Task prompt:
Return each line of the listing that follows in which the string "Port" can be found.

───── Data provided ─────

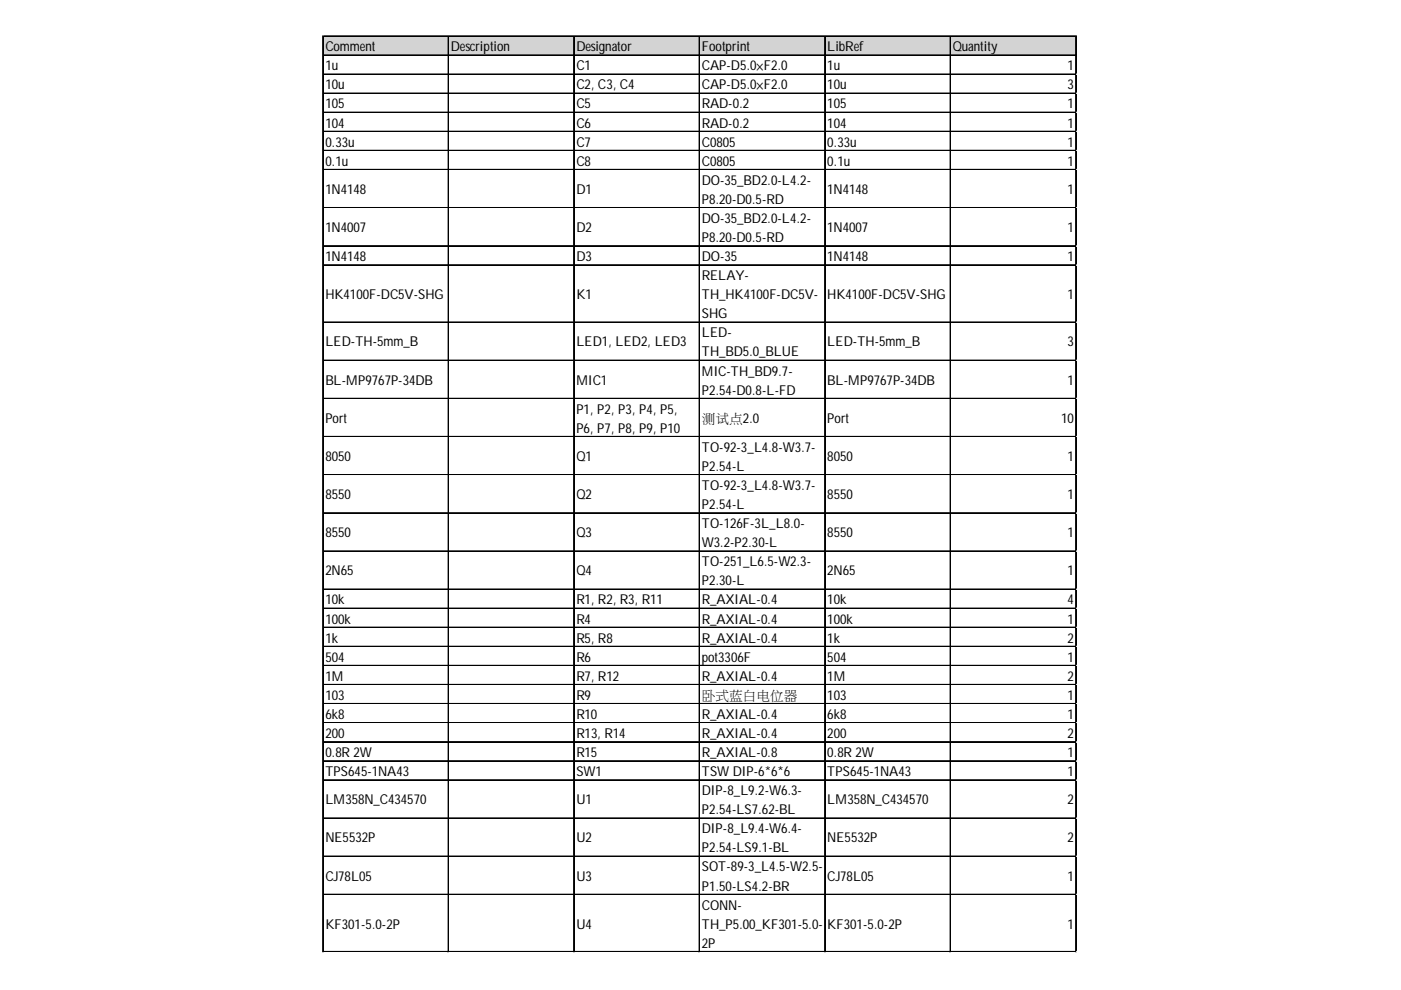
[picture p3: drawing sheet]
<svg xmlns="http://www.w3.org/2000/svg" width="297mm" height="210mm" viewBox="0 0 297 210" stroke-linecap="round" stroke-linejoin="round" font-family="sans-serif">
<defs><g id="words">
<g font-size="2.9">
<text x="69" y="10.9">Comment</text>
<text x="95.6" y="10.9">Description</text>
<text x="122.2" y="10.9">Designator</text>
<text x="148.8" y="10.9">Footprint</text>
<text x="175.4" y="10.9">LibRef</text>
<text x="202" y="10.9">Quantity</text>
<text x="69" y="14.9">1u</text>
<text x="122.2" y="14.9">C1</text>
<text x="148.8" y="14.9">CAP-D5.0×F2.0</text>
<text x="175.4" y="14.9">1u</text>
<text x="226.3" y="14.9">1</text>
<text x="69" y="19">10u</text>
<text x="69" y="23">105</text>
<text x="122.2" y="19">C2, C3, C4</text>
<text x="122.2" y="23">C5</text>
<text x="148.8" y="19">CAP-D5.0×F2.0</text>
<text x="148.8" y="23">RAD-0.2</text>
<text x="175.4" y="19">10u</text>
<text x="175.4" y="23">105</text>
<text x="226.3" y="19">3</text>
<text x="226.3" y="23">1</text>
<text x="69" y="27">104</text>
<text x="122.2" y="27">C6</text>
<text x="148.8" y="27">RAD-0.2</text>
<text x="175.4" y="27">104</text>
<text x="226.3" y="27">1</text>
<text x="69" y="31.1">0.33u</text>
<text x="69" y="35.1">0.1u</text>
<text x="122.2" y="31.1">C7</text>
<text x="122.2" y="35.1">C8</text>
<text x="148.8" y="31.1">C0805</text>
<text x="148.8" y="35.1">C0805</text>
<text x="175.4" y="31.1">0.33u</text>
<text x="175.4" y="35.1">0.1u</text>
<text x="226.3" y="31.1">1</text>
<text x="226.3" y="35.1">1</text>
<text x="69" y="41.1">1N4148</text>
<text x="122.2" y="41.1">D1</text>
<text x="148.8" y="39.2">DO-35_BD2.0-L4.2-</text>
<text x="175.4" y="41.1">1N4148</text>
<text x="226.3" y="41.1">1</text>
<text x="148.8" y="43.2">P8.20-D0.5-RD</text>
<text x="148.8" y="47.3">DO-35_BD2.0-L4.2-</text>
<text x="69" y="49.2">1N4007</text>
<text x="122.2" y="49.2">D2</text>
<text x="148.8" y="51.3">P8.20-D0.5-RD</text>
<text x="175.4" y="49.2">1N4007</text>
<text x="226.3" y="49.2">1</text>
<text x="69" y="55.4">1N4148</text>
<text x="122.2" y="55.4">D3</text>
<text x="148.8" y="55.4">DO-35</text>
<text x="148.8" y="59.4">RELAY-</text>
<text x="175.4" y="55.4">1N4148</text>
<text x="226.3" y="55.4">1</text>
<text x="69" y="63.4">HK4100F-DC5V-SHG</text>
<text x="122.2" y="63.4">K1</text>
<text x="148.8" y="63.4">TH_HK4100F-DC5V-</text>
<text x="175.4" y="63.4">HK4100F-DC5V-SHG</text>
<text x="226.3" y="63.4">1</text>
<text x="148.8" y="67.5">SHG</text>
<text x="148.8" y="71.5">LED-</text>
<text x="69" y="73.5">LED-TH-5mm_B</text>
<text x="122.2" y="73.5">LED1, LED2, LED3</text>
<text x="148.8" y="75.6">TH_BD5.0_BLUE</text>
<text x="175.4" y="73.5">LED-TH-5mm_B</text>
<text x="226.3" y="73.5">3</text>
<text x="69" y="81.5">BL-MP9767P-34DB</text>
<text x="122.2" y="81.5">MIC1</text>
<text x="148.8" y="79.6">MIC-TH_BD9.7-</text>
<text x="148.8" y="83.7">P2.54-D0.8-L-FD</text>
<text x="175.4" y="81.5">BL-MP9767P-34DB</text>
<text x="226.3" y="81.5">1</text>
<text x="69" y="89.6">Port</text>
<text x="122.2" y="87.7">P1, P2, P3, P4, P5,</text>
<text x="148.8" y="89.6">测试点2.0</text>
<text x="175.4" y="89.6">Port</text>
<text x="225" y="89.6">10</text>
<text x="122.2" y="91.8">P6, P7, P8, P9, P10</text>
<text x="148.8" y="95.8">TO-92-3_L4.8-W3.7-</text>
<text x="69" y="97.7">8050</text>
<text x="122.2" y="97.7">Q1</text>
<text x="148.8" y="99.8">P2.54-L</text>
<text x="175.4" y="97.7">8050</text>
<text x="226.3" y="97.7">1</text>
<text x="69" y="105.8">8550</text>
<text x="122.2" y="105.8">Q2</text>
<text x="148.8" y="103.9">TO-92-3_L4.8-W3.7-</text>
<text x="148.8" y="107.9">P2.54-L</text>
<text x="175.4" y="105.8">8550</text>
<text x="226.3" y="105.8">1</text>
<text x="69" y="113.9">8550</text>
<text x="122.2" y="113.9">Q3</text>
<text x="148.8" y="112">TO-126F-3L_L8.0-</text>
<text x="175.4" y="113.9">8550</text>
<text x="226.3" y="113.9">1</text>
<text x="148.8" y="116">W3.2-P2.30-L</text>
<text x="69" y="122">2N65</text>
<text x="122.2" y="122">Q4</text>
<text x="148.8" y="120.1">TO-251_L6.5-W2.3-</text>
<text x="148.8" y="124.1">P2.30-L</text>
<text x="175.4" y="122">2N65</text>
<text x="226.3" y="122">1</text>
<text x="69" y="128.2">10k</text>
<text x="122.2" y="128.2">R1, R2, R3, R11</text>
<text x="148.8" y="128.2">R_AXIAL-0.4</text>
<text x="175.4" y="128.2">10k</text>
<text x="226.3" y="128.2">4</text>
<text x="69" y="132.2">100k</text>
<text x="69" y="136.2">1k</text>
<text x="122.2" y="132.2">R4</text>
<text x="122.2" y="136.2">R5, R8</text>
<text x="148.8" y="132.2">R_AXIAL-0.4</text>
<text x="148.8" y="136.2">R_AXIAL-0.4</text>
<text x="175.4" y="132.2">100k</text>
<text x="175.4" y="136.2">1k</text>
<text x="226.3" y="132.2">1</text>
<text x="226.3" y="136.2">2</text>
<text x="69" y="140.3">504</text>
<text x="122.2" y="140.3">R6</text>
<text x="148.8" y="140.3">pot3306F</text>
<text x="175.4" y="140.3">504</text>
<text x="226.3" y="140.3">1</text>
<text x="69" y="144.3">1M</text>
<text x="69" y="148.4">103</text>
<text x="122.2" y="144.3">R7, R12</text>
<text x="122.2" y="148.4">R9</text>
<text x="148.8" y="144.3">R_AXIAL-0.4</text>
<text x="148.8" y="148.4">卧式蓝白电位器</text>
<text x="175.4" y="144.3">1M</text>
<text x="175.4" y="148.4">103</text>
<text x="226.3" y="144.3">2</text>
<text x="226.3" y="148.4">1</text>
<text x="69" y="152.4">6k8</text>
<text x="122.2" y="152.4">R10</text>
<text x="148.8" y="152.4">R_AXIAL-0.4</text>
<text x="175.4" y="152.4">6k8</text>
<text x="226.3" y="152.4">1</text>
<text x="69" y="156.5">200</text>
<text x="69" y="160.5">0.8R 2W</text>
<text x="122.2" y="156.5">R13, R14</text>
<text x="122.2" y="160.5">R15</text>
<text x="148.8" y="156.5">R_AXIAL-0.4</text>
<text x="148.8" y="160.5">R_AXIAL-0.8</text>
<text x="175.4" y="156.5">200</text>
<text x="175.4" y="160.5">0.8R 2W</text>
<text x="226.3" y="156.5">2</text>
<text x="226.3" y="160.5">1</text>
<text x="69" y="164.6">TPS645-1NA43</text>
<text x="122.2" y="164.6">SW1</text>
<text x="148.8" y="164.6">TSWDIP-6*6*6</text>
<text x="175.4" y="164.6">TPS645-1NA43</text>
<text x="226.3" y="164.6">1</text>
<text x="69" y="170.5">LM358N_C434570</text>
<text x="122.2" y="170.5">U1</text>
<text x="148.8" y="168.6">DIP-8_L9.2-W6.3-</text>
<text x="148.8" y="172.6">P2.54-LS7.62-BL</text>
<text x="175.4" y="170.5">LM358N_C434570</text>
<text x="226.3" y="170.5">2</text>
<text x="69" y="178.6">NE5532P</text>
<text x="122.2" y="178.6">U2</text>
<text x="148.8" y="176.7">DIP-8_L9.4-W6.4-</text>
<text x="175.4" y="178.6">NE5532P</text>
<text x="226.3" y="178.6">2</text>
<text x="148.8" y="180.7">P2.54-LS9.1-BL</text>
<text x="148.8" y="184.8">SOT-89-3_L4.5-W2.5-</text>
<text x="69" y="186.7">CJ78L05</text>
<text x="122.2" y="186.7">U3</text>
<text x="148.8" y="188.8">P1.50-LS4.2-BR</text>
<text x="175.4" y="186.7">CJ78L05</text>
<text x="226.3" y="186.7">1</text>
<text x="69" y="196.9">KF301-5.0-2P</text>
<text x="122.2" y="196.9">U4</text>
<text x="148.8" y="192.9">CONN-</text>
<text x="148.8" y="196.9">TH_P5.00_KF301-5.0-</text>
<text x="175.4" y="196.9">KF301-5.0-2P</text>
<text x="226.3" y="196.9">1</text>
<text x="148.8" y="201">2P</text>
</g>
</g></defs>
<path d="M68.5 7.7h159.8v4.1h-159.8z" fill="#d3d3d3"/>
<g fill="none" stroke="#000" stroke-width=".21">
<path d="M68.4 7.6v194.3M68.5 7.6v194.3M68.6 7.6h159.6M68.6 7.7h159.6M68.6 11.6h159.6M68.6 11.7h159.6M68.6 15.7h159.6M68.6 15.8h159.6M68.6 19.7h159.6M68.6 19.8h159.6M95 7.8v194.1M95.1 7.8v194.1"/>
<path d="M121.6 7.8v194.1M121.7 7.8v194.1M148.2 7.8v194.1M148.3 7.8v194.1M174.8 7.8v194.1M174.9 7.8v194.1M201.4 7.8v194.1M201.5 7.8v194.1M228 7.8v194.1M228.1 7.8v194.1M68.6 23.8h159.6M68.6 23.9h159.6"/>
<path d="M68.6 27.8h159.6M68.6 27.9h159.6M68.6 31.9h159.6M68.6 32h159.6M68.6 35.9h159.6M68.6 36h159.6M68.6 44h159.6M68.6 44.1h159.6M68.6 52.1h159.6M68.6 52.2h159.6M68.6 56.1h159.6M68.6 56.2h159.6"/>
<path d="M68.6 68.3h159.6M68.6 68.4h159.6M68.6 76.3h159.6M68.6 76.4h159.6M68.6 84.4h159.6M68.6 84.5h159.6M68.6 92.5h159.6M68.6 92.6h159.6M68.6 100.6h159.6M68.6 100.7h159.6M68.6 108.7h159.6M68.6 108.8h159.6"/>
<path d="M68.6 116.8h159.6M68.6 116.9h159.6M68.6 124.9h159.6M68.6 125h159.6M68.6 128.9h159.6M68.6 129h159.6M68.6 133h159.6M68.6 133.1h159.6M68.6 137h159.6M68.6 137.1h159.6M68.6 141.1h159.6M68.6 141.2h159.6"/>
<path d="M68.6 145.1h159.6M68.6 145.2h159.6M68.6 149.1h159.6M68.6 149.2h159.6M68.6 153.2h159.6M68.6 153.3h159.6M68.6 157.2h159.6M68.6 157.3h159.6M68.6 161.3h159.6M68.6 161.4h159.6M68.6 165.3h159.6M68.6 165.4h159.6"/>
<path d="M68.6 173.4h159.6M68.6 173.5h159.6M68.6 181.5h159.6M68.6 181.6h159.6M68.6 189.6h159.6M68.6 189.7h159.6M68.6 201.7h159.6M68.6 201.8h159.6"/>
</g>
<path d="M68.4 201.9h.1" fill="none" stroke="#d4d4d4" stroke-width=".21"/>
<path d="M68.4 201.9h.2z" fill="#d4d4d4"/>
<path d="M95 201.9h.1" fill="none" stroke="#d4d4d4" stroke-width=".21"/>
<path d="M95 201.9h.2z" fill="#d4d4d4"/>
<path d="M121.6 201.9h.1" fill="none" stroke="#d4d4d4" stroke-width=".21"/>
<path d="M121.6 201.9h.2z" fill="#d4d4d4"/>
<path d="M148.2 201.9h.1" fill="none" stroke="#d4d4d4" stroke-width=".21"/>
<path d="M148.2 201.9h.2z" fill="#d4d4d4"/>
<path d="M174.8 201.9h.1" fill="none" stroke="#d4d4d4" stroke-width=".21"/>
<path d="M174.8 201.9h.2z" fill="#d4d4d4"/>
<path d="M201.4 201.9h.1" fill="none" stroke="#d4d4d4" stroke-width=".21"/>
<path d="M201.4 201.9h.2z" fill="#d4d4d4"/>
<path d="M228 201.9h.1" fill="none" stroke="#d4d4d4" stroke-width=".21"/>
<path d="M228 201.9h.2z" fill="#d4d4d4"/>
<path d="M228.2 15.7h.1" fill="none" stroke="#d4d4d4" stroke-width=".21"/>
<path d="M228.2 15.7l.1 .2z" fill="#d4d4d4"/>
<path d="M228.2 19.7h.1" fill="none" stroke="#d4d4d4" stroke-width=".21"/>
<path d="M228.2 19.7l.1 .2z" fill="#d4d4d4"/>
<path d="M228.2 23.8h.1" fill="none" stroke="#d4d4d4" stroke-width=".21"/>
<path d="M228.2 23.8l.1 .2z" fill="#d4d4d4"/>
<path d="M228.2 27.8h.1" fill="none" stroke="#d4d4d4" stroke-width=".21"/>
<path d="M228.2 27.8l.1 .2z" fill="#d4d4d4"/>
<path d="M228.2 31.9h.1" fill="none" stroke="#d4d4d4" stroke-width=".21"/>
<path d="M228.2 31.9l.1 .2z" fill="#d4d4d4"/>
<path d="M228.2 35.9h.1" fill="none" stroke="#d4d4d4" stroke-width=".21"/>
<path d="M228.2 35.9l.1 .2z" fill="#d4d4d4"/>
<path d="M228.2 44h.1" fill="none" stroke="#d4d4d4" stroke-width=".21"/>
<path d="M228.2 44l.1 .2z" fill="#d4d4d4"/>
<path d="M228.2 52.1h.1" fill="none" stroke="#d4d4d4" stroke-width=".21"/>
<path d="M228.2 52.1l.1 .2z" fill="#d4d4d4"/>
<path d="M228.2 56.1h.1" fill="none" stroke="#d4d4d4" stroke-width=".21"/>
<path d="M228.2 56.1l.1 .2z" fill="#d4d4d4"/>
<path d="M228.2 68.3h.1" fill="none" stroke="#d4d4d4" stroke-width=".21"/>
<path d="M228.2 68.3l.1 .2z" fill="#d4d4d4"/>
<path d="M228.2 76.3h.1" fill="none" stroke="#d4d4d4" stroke-width=".21"/>
<path d="M228.2 76.3l.1 .2z" fill="#d4d4d4"/>
<path d="M228.2 84.4h.1" fill="none" stroke="#d4d4d4" stroke-width=".21"/>
<path d="M228.2 84.4l.1 .2z" fill="#d4d4d4"/>
<path d="M228.2 92.5h.1" fill="none" stroke="#d4d4d4" stroke-width=".21"/>
<path d="M228.2 92.5l.1 .2z" fill="#d4d4d4"/>
<path d="M228.2 100.6h.1" fill="none" stroke="#d4d4d4" stroke-width=".21"/>
<path d="M228.2 100.6l.1 .2z" fill="#d4d4d4"/>
<path d="M228.2 108.7h.1" fill="none" stroke="#d4d4d4" stroke-width=".21"/>
<path d="M228.2 108.7l.1 .2z" fill="#d4d4d4"/>
<path d="M228.2 116.8h.1" fill="none" stroke="#d4d4d4" stroke-width=".21"/>
<path d="M228.2 116.8l.1 .2z" fill="#d4d4d4"/>
<path d="M228.2 124.9h.1" fill="none" stroke="#d4d4d4" stroke-width=".21"/>
<path d="M228.2 124.9l.1 .2z" fill="#d4d4d4"/>
<path d="M228.2 128.9h.1" fill="none" stroke="#d4d4d4" stroke-width=".21"/>
<path d="M228.2 128.9l.1 .2z" fill="#d4d4d4"/>
<path d="M228.2 133h.1" fill="none" stroke="#d4d4d4" stroke-width=".21"/>
<path d="M228.2 133l.1 .2z" fill="#d4d4d4"/>
<path d="M228.2 137h.1" fill="none" stroke="#d4d4d4" stroke-width=".21"/>
<path d="M228.2 137l.1 .2z" fill="#d4d4d4"/>
<path d="M228.2 141.1h.1" fill="none" stroke="#d4d4d4" stroke-width=".21"/>
<path d="M228.2 141.1l.1 .1z" fill="#d4d4d4"/>
<path d="M228.2 145.1h.1" fill="none" stroke="#d4d4d4" stroke-width=".21"/>
<path d="M228.2 145.1l.1 .2z" fill="#d4d4d4"/>
<path d="M228.2 149.1h.1" fill="none" stroke="#d4d4d4" stroke-width=".21"/>
<path d="M228.2 149.1l.1 .2z" fill="#d4d4d4"/>
<path d="M228.2 153.2h.1" fill="none" stroke="#d4d4d4" stroke-width=".21"/>
<path d="M228.2 153.2l.1 .2z" fill="#d4d4d4"/>
<path d="M228.2 157.2h.1" fill="none" stroke="#d4d4d4" stroke-width=".21"/>
<path d="M228.2 157.2l.1 .2z" fill="#d4d4d4"/>
<path d="M228.2 161.3h.1" fill="none" stroke="#d4d4d4" stroke-width=".21"/>
<path d="M228.2 161.3l.1 .2z" fill="#d4d4d4"/>
<path d="M228.2 165.3h.1" fill="none" stroke="#d4d4d4" stroke-width=".21"/>
<path d="M228.2 165.3l.1 .2z" fill="#d4d4d4"/>
<path d="M228.2 173.4h.1" fill="none" stroke="#d4d4d4" stroke-width=".21"/>
<path d="M228.2 173.4l.1 .2z" fill="#d4d4d4"/>
<path d="M228.2 181.5h.1" fill="none" stroke="#d4d4d4" stroke-width=".21"/>
<path d="M228.2 181.5l.1 .2z" fill="#d4d4d4"/>
<path d="M228.2 189.6h.1" fill="none" stroke="#d4d4d4" stroke-width=".21"/>
<path d="M228.2 189.6l.1 .2z" fill="#d4d4d4"/>
<path d="M228.2 201.7h.1" fill="none" stroke="#d4d4d4" stroke-width=".21"/>
<path d="M228.2 201.7l.1 .2z" fill="#d4d4d4"/>
<use href="#words"/>
</svg>

─────

Task output:
<text x="69" y="89.6">Port</text>
<text x="175.4" y="89.6">Port</text>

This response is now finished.